Batman vs. Ecstacy

Batman vs. Ecstacy (Batman and drugs)

Reefer Madness is a midnight cult movie to my generation. It remains just a footnote that this cannabis celluloid classic was actually financed by a church group under the title Tell Your Children. I guess I have a sweet spot for incidences of government propaganda permeating pop culture. In 1988, DC Comics chose MDMA/ecstasy as the unlikely scapegoat for a killing rampage in Batman 594. Erowid, my favorite resource on “psychoactive plants, chemicals and related issues” posted some great scans of the issue that are worth checking out.

This comic represents some of the absurdist “Just Say No” propaganda common in the late 1980’s and is an amusing piece of War on Drugs memorobilia.
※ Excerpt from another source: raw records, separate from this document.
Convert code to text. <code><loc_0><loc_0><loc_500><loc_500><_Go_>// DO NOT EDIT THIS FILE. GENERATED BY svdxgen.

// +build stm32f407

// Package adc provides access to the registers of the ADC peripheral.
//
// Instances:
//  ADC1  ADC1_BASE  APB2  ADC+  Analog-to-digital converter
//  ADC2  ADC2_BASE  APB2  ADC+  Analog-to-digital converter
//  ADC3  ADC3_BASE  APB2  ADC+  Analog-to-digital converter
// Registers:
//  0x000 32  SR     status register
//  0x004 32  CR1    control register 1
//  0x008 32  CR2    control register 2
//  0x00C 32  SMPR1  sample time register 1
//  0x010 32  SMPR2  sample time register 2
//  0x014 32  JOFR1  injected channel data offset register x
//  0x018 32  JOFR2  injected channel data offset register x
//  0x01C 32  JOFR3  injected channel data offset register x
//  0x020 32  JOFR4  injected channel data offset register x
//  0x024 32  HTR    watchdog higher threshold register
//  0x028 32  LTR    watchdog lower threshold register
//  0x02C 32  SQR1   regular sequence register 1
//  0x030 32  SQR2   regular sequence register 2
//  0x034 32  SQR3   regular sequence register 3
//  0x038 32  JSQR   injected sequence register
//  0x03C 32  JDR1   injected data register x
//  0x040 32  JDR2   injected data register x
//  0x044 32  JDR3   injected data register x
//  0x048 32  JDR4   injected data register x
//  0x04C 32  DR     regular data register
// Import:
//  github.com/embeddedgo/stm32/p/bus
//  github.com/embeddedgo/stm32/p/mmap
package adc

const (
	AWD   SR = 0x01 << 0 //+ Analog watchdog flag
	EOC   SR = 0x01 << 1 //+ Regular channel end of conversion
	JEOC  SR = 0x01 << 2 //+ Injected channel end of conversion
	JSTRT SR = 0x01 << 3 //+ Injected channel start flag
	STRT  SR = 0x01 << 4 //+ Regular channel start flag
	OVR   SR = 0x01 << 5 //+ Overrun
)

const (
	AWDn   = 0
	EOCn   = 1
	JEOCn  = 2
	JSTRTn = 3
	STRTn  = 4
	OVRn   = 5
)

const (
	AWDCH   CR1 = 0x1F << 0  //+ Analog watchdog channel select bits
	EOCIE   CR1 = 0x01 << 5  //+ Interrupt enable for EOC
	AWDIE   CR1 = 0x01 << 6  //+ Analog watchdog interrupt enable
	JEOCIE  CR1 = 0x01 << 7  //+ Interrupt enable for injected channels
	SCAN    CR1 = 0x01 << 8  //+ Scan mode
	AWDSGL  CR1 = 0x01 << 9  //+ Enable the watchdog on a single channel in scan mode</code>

This comic also represents an interesting piece of history because it came somewhat after the first crest of media frenzy about MDMA. By 1988, the “designer drug” hysteria had been mostly drowned out by the “Crack Epidemic” scare. When Ecstasy fear mongering was reinvented in 1998-1999, the previous wave of anti-ecstasy media was all but forgotten. The story in Batman 594, written by Alan Grant and John Wagner, is very thin and the artistry of the book, drawn by Norm Breyfogle and colored by Adrienne Roy, is of middle quality.  The storyline is all the more absurd since Ecstasy is known to be one of the psychedelic-class drugs least likely to precipitate severe traumatic Post Traumatic Stress Disorder (PTSD) or lasting psychosis.

Batman vs. Ecstacy

I was all ready to make snarky comments involving glowsticks, but BoingBoing posted it first and got the jump on me. However, one BB reader, akbar56, added some interesting incite to the chronicling of drugs in comics:

What is interesting to me is not 10 months earlier in the same comic, Batman encountered a new designer drug called “Fever” that was much more logical in it’s approach and even tho it was a fictional narcotic, it dealt with the known problems of drugs/psychotropics in a much better way. Even for a comic book. Fast forward 8 years and in Shadow of the Bat #56-58 Batman encounters Poison Ivy working for the Floronic Man making a “super advanced marijuana” that he wanted to get everyone in the world stoned so he could take over. The story does the normal “just say no/drugs are bad” route for the most part but in the end the conclusion is very ambiguous. One could easily assume there was a conflict between editorial mandate to make this story vs. writers going “but its just weed!”